Gewerkschaft vergisst den 1. Mai
In der Zürcher Elektrobranche soll der 1. Mai nicht mehr bezahlter Feiertag sein. Denn die Unia hat ihn bei Verhandlungen verschlafen.
Veröffentlicht am 28. April 2009 - 08:23 Uhr
Mehrere Arbeitgeber aus der Elektrobranche haben ihren Angestellten mitgeteilt, dass der 1. Mai für sie kein bezahlter Feiertag mehr sei. Dies berichten besorgte Angestellte dem Beobachter. Müssen sie also am 1. Mai arbeiten?
«Auf keinen Fall», sagt Gilbert Brülisauer, Sekretär des Kantonalverbandes Zürcher Elektro-Installationsfirmen (KZEI). Man habe sich über die Rechtslage informiert und erfahren, dass das gar nicht erlaubt sei. Das bestätigt Georg Aerni vom kantonalen Amt für Wirtschaft und Arbeit (AWA), Bereich Arbeitsbedingungen: Der 1. Mai sei in Zürich ein gesetzlich vorgeschriebener Ruhetag. «Nur in Ausnahmefällen wird eine Arbeitszeitbewilligung erteilt, die einen Betrieb berechtigt, seine Angestellten an diesem Tag aufzubieten», hält Aerni fest.
Die Elektrobranche bleibt dagegen bei ihrer Position: Entschädige der Arbeitgeber den arbeitsfreien 1. Mai nicht freiwillig, müssten die Angestellten die fehlenden Stunden kompensieren oder den Tag unbezahlt frei nehmen. Die Arbeitgeber berufen sich auf die kantonalen Ergänzungsbestimmungen zum Gesamtarbeitsvertrag (GAV), in denen der 1. Mai nicht mehr als bezahlter Feiertag erwähnt ist, seit sie neu formuliert wurden. Zuvor waren in den Ergänzungsbestimmungen nämlich zehn statt der im GAV festgelegten neun Feiertage aufgeführt: Damit hatten sie den Arbeitnehmern mehr Rechte eingeräumt als der GAV, was korrigiert werden musste.

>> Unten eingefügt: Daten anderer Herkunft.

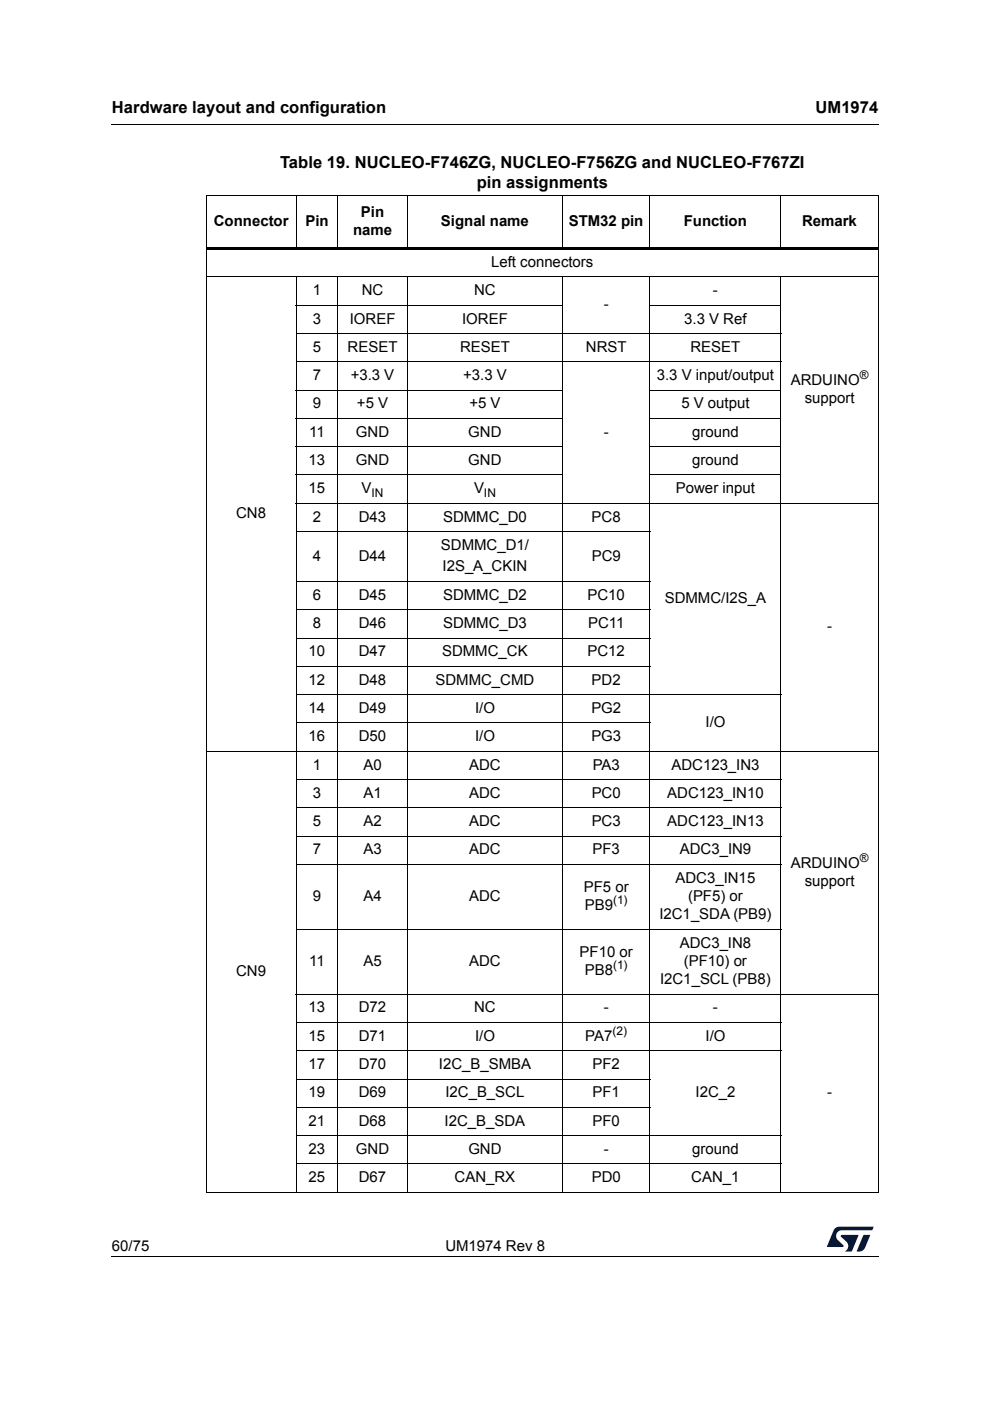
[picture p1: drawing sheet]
<svg xmlns="http://www.w3.org/2000/svg" width="210mm" height="297mm" viewBox="0 0 210 297" stroke-linecap="round" stroke-linejoin="round" font-family="sans-serif">
<defs><g id="words">
<g font-size="3.5">
<text x="23.7" y="23.9">Hardware layout and configuration</text>
<text x="172.9" y="23.9">UM1974</text>
<text x="59.4" y="35.7">Table 19. NUCLEO-F746ZG, NUCLEO-F756ZG and NUCLEO-F767ZI</text>
<text x="101.1" y="39.9">pin assignments</text>
</g>
<g font-size="3.2">
<text x="45.3" y="48">Connector</text>
<text x="64.7" y="48">Pin</text>
<text x="76.5" y="46">Pin</text>
<text x="93.5" y="48">Signal name</text>
<text x="120.6" y="48">STM32 pin</text>
<text x="145" y="48">Function</text>
<text x="170.1" y="48">Remark</text>
<text x="74.8" y="49.9">name</text>
<text x="104.1" y="56.6">Left connectors</text>
<text x="66.3" y="62.6">1</text>
<text x="76.7" y="62.6">NC</text>
<text x="100.5" y="62.6">NC</text>
<text x="128" y="65.6">-</text>
<text x="151.2" y="62.6">-</text>
<text x="66.3" y="68.6">3</text>
<text x="74.1" y="68.6">IOREF</text>
<text x="98" y="68.6">IOREF</text>
<text x="145.1" y="68.6">3.3 V Ref</text>
<text x="66.3" y="74.6">5</text>
<text x="73.7" y="74.6">RESET</text>
<text x="97.5" y="74.6">RESET</text>
<text x="124.2" y="74.6">NRST</text>
<text x="146.4" y="74.6">RESET</text>
<text x="66.3" y="80.6">7</text>
<text x="74.4" y="80.6">+3.3 V</text>
<text x="98.2" y="80.6">+3.3 V</text>
<text x="139.3" y="80.6">3.3 V input/output</text>
<text x="167.7" y="81.6">ARDUINO</text>
<text x="66.3" y="86.6">9</text>
<text x="75.7" y="86.6">+5 V</text>
<text x="99.5" y="86.6">+5 V</text>
<text x="144.5" y="86.6">5 V output</text>
<text x="170.6" y="85.5">support</text>
<text x="65.6" y="92.6">11</text>
<text x="75.5" y="92.6">GND</text>
<text x="99.3" y="92.6">GND</text>
<text x="128" y="92.6">-</text>
<text x="146.8" y="92.6">ground</text>
<text x="65.4" y="98.6">13</text>
<text x="75.5" y="98.6">GND</text>
<text x="99.3" y="98.6">GND</text>
<text x="146.8" y="98.6">ground</text>
<text x="65.4" y="104.6">15</text>
<text x="76.7" y="104.6">V</text>
<text x="100.5" y="104.6">V</text>
<text x="143.3" y="104.6">Power input</text>
<text x="50.1" y="109.9">CN8</text>
<text x="66.3" y="110.6">2</text>
<text x="76.1" y="110.6">D43</text>
<text x="93.9" y="110.6">SDMMC_D0</text>
<text x="125.4" y="110.6">PC8</text>
<text x="66.3" y="118.9">4</text>
<text x="76.1" y="118.9">D44</text>
<text x="93.5" y="116.6">SDMMC_D1/</text>
<text x="125.5" y="118.9">PC9</text>
<text x="93.8" y="121.2">I2S_A_CKIN</text>
<text x="66.3" y="127.2">6</text>
<text x="76.1" y="127.2">D45</text>
<text x="93.9" y="127.2">SDMMC_D2</text>
<text x="124.6" y="127.2">PC10</text>
<text x="140.9" y="127.9">SDMMC/I2S_A</text>
<text x="66.3" y="133.2">8</text>
<text x="76.1" y="133.2">D46</text>
<text x="93.9" y="133.2">SDMMC_D3</text>
<text x="124.7" y="133.2">PC11</text>
<text x="175.4" y="133.9">-</text>
<text x="65.4" y="139.1">10</text>
<text x="76.1" y="139.1">D47</text>
<text x="93.7" y="139.1">SDMMC_CK</text>
<text x="124.6" y="139.1">PC12</text>
<text x="65.4" y="145.2">12</text>
<text x="76.1" y="145.2">D48</text>
<text x="92.3" y="145.2">SDMMC_CMD</text>
<text x="125.4" y="145.2">PD2</text>
<text x="65.4" y="151.2">14</text>
<text x="76.1" y="151.2">D49</text>
<text x="100.7" y="151.2">I/O</text>
<text x="125.4" y="151.2">PG2</text>
<text x="149.6" y="154.2">I/O</text>
<text x="65.4" y="157.1">16</text>
<text x="76.1" y="157.1">D50</text>
<text x="100.7" y="157.1">I/O</text>
<text x="125.4" y="157.1">PG3</text>
<text x="66.3" y="163.2">1</text>
<text x="77" y="163.2">A0</text>
<text x="99.5" y="163.2">ADC</text>
<text x="125.7" y="163.2">PA3</text>
<text x="142.4" y="163.2">ADC123_IN3</text>
<text x="66.3" y="169.1">3</text>
<text x="77" y="169.1">A1</text>
<text x="99.5" y="169.1">ADC</text>
<text x="125.5" y="169.1">PC0</text>
<text x="141.5" y="169.1">ADC123_IN10</text>
<text x="66.3" y="175.1">5</text>
<text x="77" y="175.1">A2</text>
<text x="99.5" y="175.1">ADC</text>
<text x="125.5" y="175.1">PC3</text>
<text x="141.5" y="175.1">ADC123_IN13</text>
<text x="66.3" y="181.1">7</text>
<text x="77" y="181.1">A3</text>
<text x="99.5" y="181.1">ADC</text>
<text x="125.6" y="181.1">PF3</text>
<text x="144.1" y="181.1">ADC3_IN9</text>
<text x="167.7" y="184">ARDUINO</text>
<text x="66.3" y="191">9</text>
<text x="77" y="191">A4</text>
<text x="99.5" y="191">ADC</text>
<text x="123.8" y="189.1">PF5 or</text>
<text x="143.2" y="187.1">ADC3_IN15</text>
<text x="145.9" y="191">(PF5) or</text>
<text x="170.6" y="187.8">support</text>
<text x="124" y="193">PB9</text>
<text x="139.8" y="194.9">I2C1_SDA (PB9)</text>
<text x="122.9" y="202.8">PF10 or</text>
<text x="144.1" y="200.9">ADC3_IN8</text>
<text x="50.1" y="206.9">CN9</text>
<text x="65.6" y="204.8">11</text>
<text x="77" y="204.8">A5</text>
<text x="99.5" y="204.8">ADC</text>
<text x="124" y="206.7">PB8</text>
<text x="140" y="208.7">I2C1_SCL (PB8)</text>
<text x="145" y="204.8">(PF10) or</text>
<text x="65.4" y="214.7">13</text>
<text x="76.1" y="214.7">D72</text>
<text x="100.5" y="214.7">NC</text>
<text x="128" y="214.7">-</text>
<text x="151.2" y="214.7">-</text>
<text x="65.4" y="220.6">15</text>
<text x="76.1" y="220.6">D71</text>
<text x="100.7" y="220.6">I/O</text>
<text x="124.1" y="220.6">PA7</text>
<text x="149.6" y="220.6">I/O</text>
<text x="65.4" y="226.7">17</text>
<text x="76.1" y="226.7">D70</text>
<text x="93" y="226.7">I2C_B_SMBA</text>
<text x="125.6" y="226.7">PF2</text>
<text x="65.4" y="232.6">19</text>
<text x="76.1" y="232.6">D69</text>
<text x="94.4" y="232.6">I2C_B_SCL</text>
<text x="125.6" y="232.6">PF1</text>
<text x="147.5" y="232.6">I2C_2</text>
<text x="175.4" y="232.6">-</text>
<text x="65.4" y="238.6">21</text>
<text x="76.1" y="238.6">D68</text>
<text x="94.3" y="238.6">I2C_B_SDA</text>
<text x="125.6" y="238.6">PF0</text>
<text x="65.4" y="244.6">23</text>
<text x="75.5" y="244.6">GND</text>
<text x="99.3" y="244.6">GND</text>
<text x="128" y="244.6">-</text>
<text x="146.8" y="244.6">ground</text>
<text x="65.4" y="250.6">25</text>
<text x="76.1" y="250.6">D67</text>
<text x="96.4" y="250.6">CAN_RX</text>
<text x="125.5" y="250.6">PD0</text>
<text x="146.6" y="250.6">CAN_1</text>
<text x="23.7" y="265.1">60/75</text>
<text x="94.4" y="265.1">UM1974 Rev 8</text>
</g>
<g font-size="2.5">
<text x="182.3" y="80.4">®</text>
<text x="78.8" y="105.4">IN</text>
<text x="102.6" y="105.4">IN</text>
<text x="182.3" y="182.7">®</text>
<text x="130" y="191.7">(1)</text>
<text x="130" y="205.4">(1)</text>
<text x="129.9" y="219.4">(2)</text>
</g>
</g></defs>
<path d="M23.6 26.2l.1 .2zM23.6 266.3l.1 .1z" fill="#000"/>
<path d="M23.7 26.3h162.6M23.7 266.3h162.6" fill="none" stroke="#000" stroke-width=".21"/>
<path d="M175.3 260h10v5.4h-10z" fill="#fff"/>
<g fill="#00183f">
<path d="M176.9 260.6l.7-.5h.4l7.2 .1-.3 .6h-6.4a1.21 1.21 0 0 0-1.1 .7 1.21 1.21 0 0 0 .2 1.4l1.2 1.1v.3l-3.5 .1z" fill-rule="evenodd"/>
<path d="M183.1 261.9h1.4l-1.1 2.6a1.39 1.39 0 0 1-1.8 .8z" fill-rule="evenodd"/>
<path d="M178.3 261.9h3.7l-1.4 3.4h-1.5a1.29 1.29 0 0 0 .4-2l-1.2-1.1z" fill-rule="evenodd"/>
</g>
<g fill="none" stroke="#000" stroke-width=".21">
<path d="M43.6 41.4h142.7M43.6 58.7h142.7M43.7 41.5v211.2M62.8 41.3v11.7M62.8 58.6v194.2M71.6 41.3v11.7M71.6 58.6v194.2M86.4 41.3v11.7M86.4 58.6v194.2M119.3 41.3v11.7M119.3 58.6v194.2M137.8 41.3v11.7"/>
<path d="M137.8 58.6v194.2M165.6 41.3v11.7M165.6 58.6v194.2M186.2 41.5v211.2M62.7 64.7h56.7M62.7 70.7h103M62.7 76.7h103M137.7 64.7h28M62.7 82.7h56.7M62.7 88.7h56.7M62.7 94.7h56.7M137.7 82.7h28"/>
<path d="M137.7 88.7h28M137.7 94.7h28M62.7 100.7h56.7M62.7 106.7h123.6M62.7 112.7h75.2M137.7 100.7h28M62.7 123.3h75.2M62.7 129.3h75.2M62.7 135.3h75.2M43.6 159.3h142.7M62.7 141.3h75.2M62.7 147.3h103"/>
<path d="M62.7 153.3h75.2M62.7 165.3h103M62.7 171.3h103M62.7 177.2h103M62.7 183.3h103M62.7 197h103M62.7 210.8h123.6M62.7 216.8h103M62.7 222.8h103M62.7 228.8h75.2M62.7 234.8h75.2M43.6 252.8h142.7"/>
<path d="M62.7 240.7h103M62.7 246.8h103"/>
</g>
<path d="M43.6 52.5h142.7v.5h-142.7z" fill="#000"/>
<use href="#words"/>
</svg>

Bei der Gewerkschaft Unia ist man gar nicht erfreut, dass nun ausgerechnet der Tag der Arbeit in der Liste der bezahlten Feiertage fehlt. Zumal die Unia einen Teil der Schuld auf die eigene Kappe nehmen muss: Sie nahm an den Verhandlungen über die neuen Ergänzungsbestimmungen teil. «Dabei haben wir schlicht und einfach vergessen, den 1. Mai zu erwähnen», sagt René Lehmann, Sektorleiter Gewerbe bei der Unia. Die Unia wolle jedoch mit dem Verband der Arbeitgeber reden. Lehmann zeigt sich optimistisch: «Es handelt sich ja nur um eine Kleinigkeit, die behoben werden muss.»